Бывший минский активист Эрнст Левин, уже находясь в Израиле, обсуждает в частном письме скандал в связи с возвращением в Советский Союз вдовы самого известного минского отказника, героя войны, полковника Ефима Ароновича Давидовича Марины Карповны Давидович, которую еще один минский активист Наум Альшанский публично обвинил в сговоре с КГБ:
Ты пишешь, Овсищер возмущается: «Что вы, мол, разжигаете войну между минчанами?» <…> Меня огорчает, что он пока еще очень советский человек, а от этого не так уж легко излечиться. Советская идеология 70 лет вдалбливала в наши мозги, что «единство» – это положительное явление: единство земляков, «коллектива», партии и народа, <…> мнений, вкусов… Отсюда и убеждение, что любые конфликты неправомерны: надо только найти «возмутителя» и его наказать, чтобы всё было единогласно и единодушно. <…> Я ему [Альшанскому] лично и откровенно высказал свою точку зрения, он мог бы со мной спорить и отстаивать свою и мы остались бы приятелями. Но он решил по-советски. «Кто не с нами… если враг не сдается» и начал меня уничтожать подлыми методами. На х**мне такое «единство»? Создавать СССР в Израиле?[128]
Аналогичную оценку и интерпретацию авторитарности отказнического сознания мы встречаем и у представителей следующего поколения.

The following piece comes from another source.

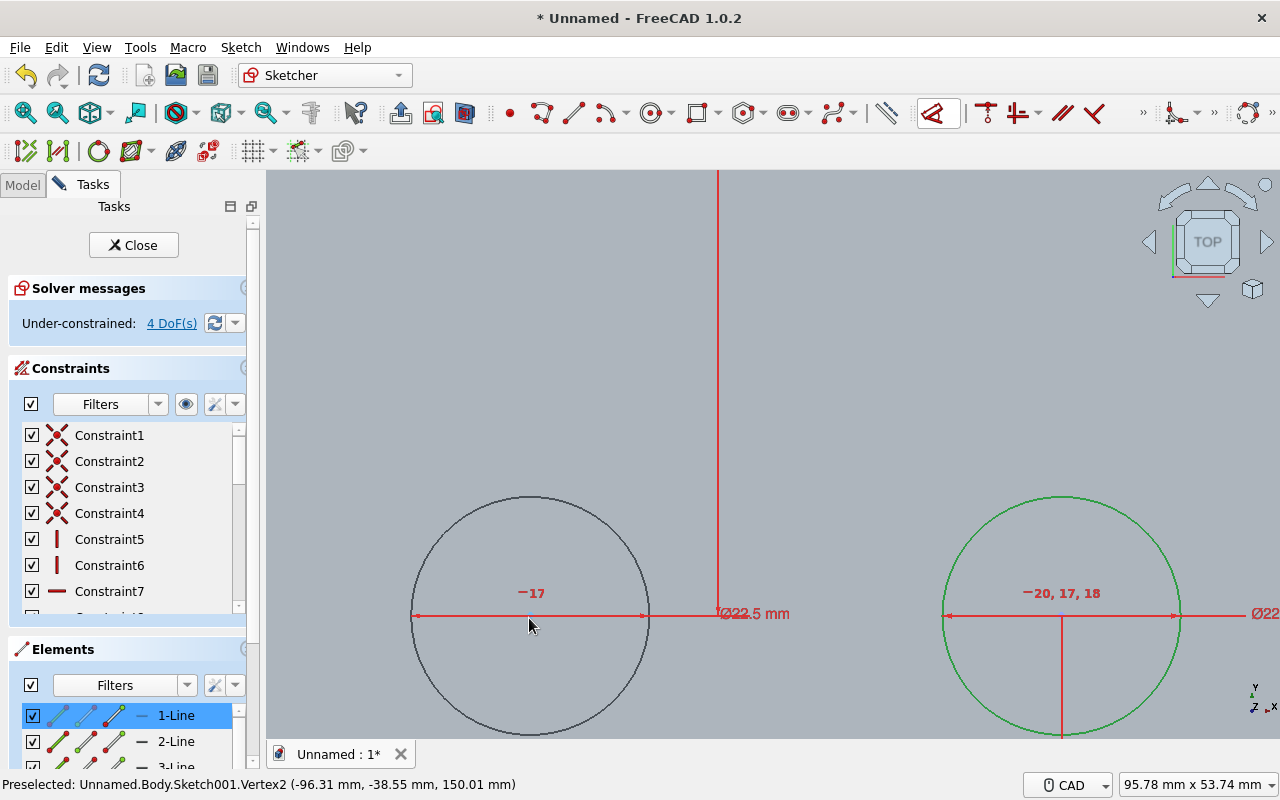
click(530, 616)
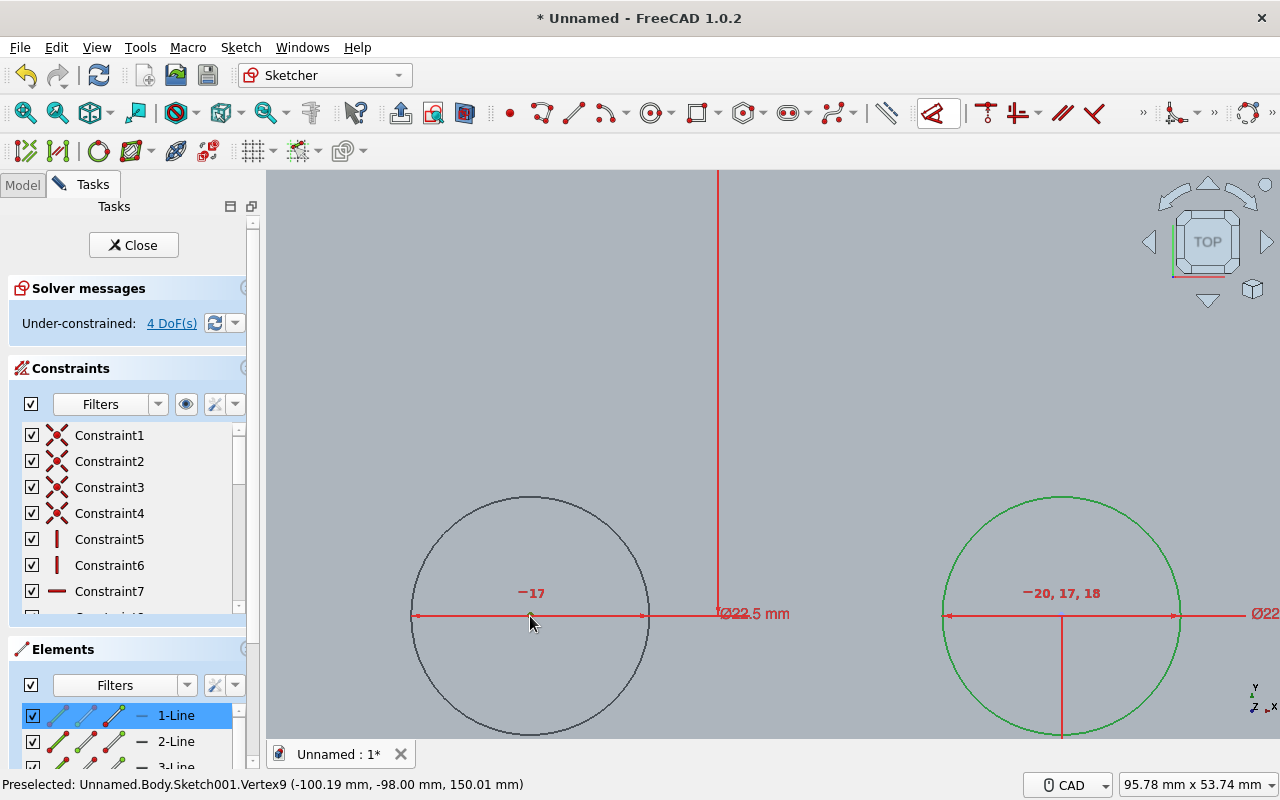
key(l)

Вспоминая свое детство, прошедшее в московской отказнической среде второй половины 1970-х – 1980-х годов, Геула Чернобыльская пишет:
В нашей отказнической общине было очень четкое разделение между нами, «израильтянами», и ими, «американцами» [т. е.
Нетерпимость и коллективизм с принудительным консенсусом интерпретировали как пережиток советской ментальности и израильские наблюдатели. В 1978 году на семинаре об антисемитизме в советской пропаганде, устроенном Иерусалимским университетом с преимущественным участием новых репатриантов, физик Марк Азбель предложил не выпускать из Израиля в США высококлассных спортсменов и тем самым, через спорт, повысить престиж Израиля и заткнуть рот антисемитам. На эту идею председатель профессор Шмуэль Этингер отреагировал резкой отповедью:
Олим из Советского Союза во многих случаях от среднего израильтянина, которым я себя считаю, отличаются тем, что влияние советского воспитания, советской пропаганды на них очень сильно и это действительно немудрено. Факт жизни – другого нет. Но, по-моему, они должны были бы подумать, что стоит и это поставить как-то под контроль или критически проанализировать. Вот я возьму выступление профессора Азбеля. Он нам предлагает ряд средств, от которых, по-моему, так и несет тоталитарным духом. Конечно, чтобы бороться с антисемитизмом или с тоталитаризмом, можно предложить ввести такие тоталитарные условия в Израиле, которые переменят всю структуру Израиля. <…> я бы не желал переменить демократическое общество на тоталитарное, в котором будут заповедники для спортсменов и все прочие такие гитлеровские и советские штучки для того, чтобы таким образом бороться против антисемитизма. Извините, лекарство хуже болезни![129]
К обвинениям в зараженности советским тоталитаризмом нельзя относиться как к объективному вердикту, это частное мнение, однако чрезвычайно распространенное, присущее самим представителям этого круга и носителям этой же ментальности, внешним наблюдателям и потомкам.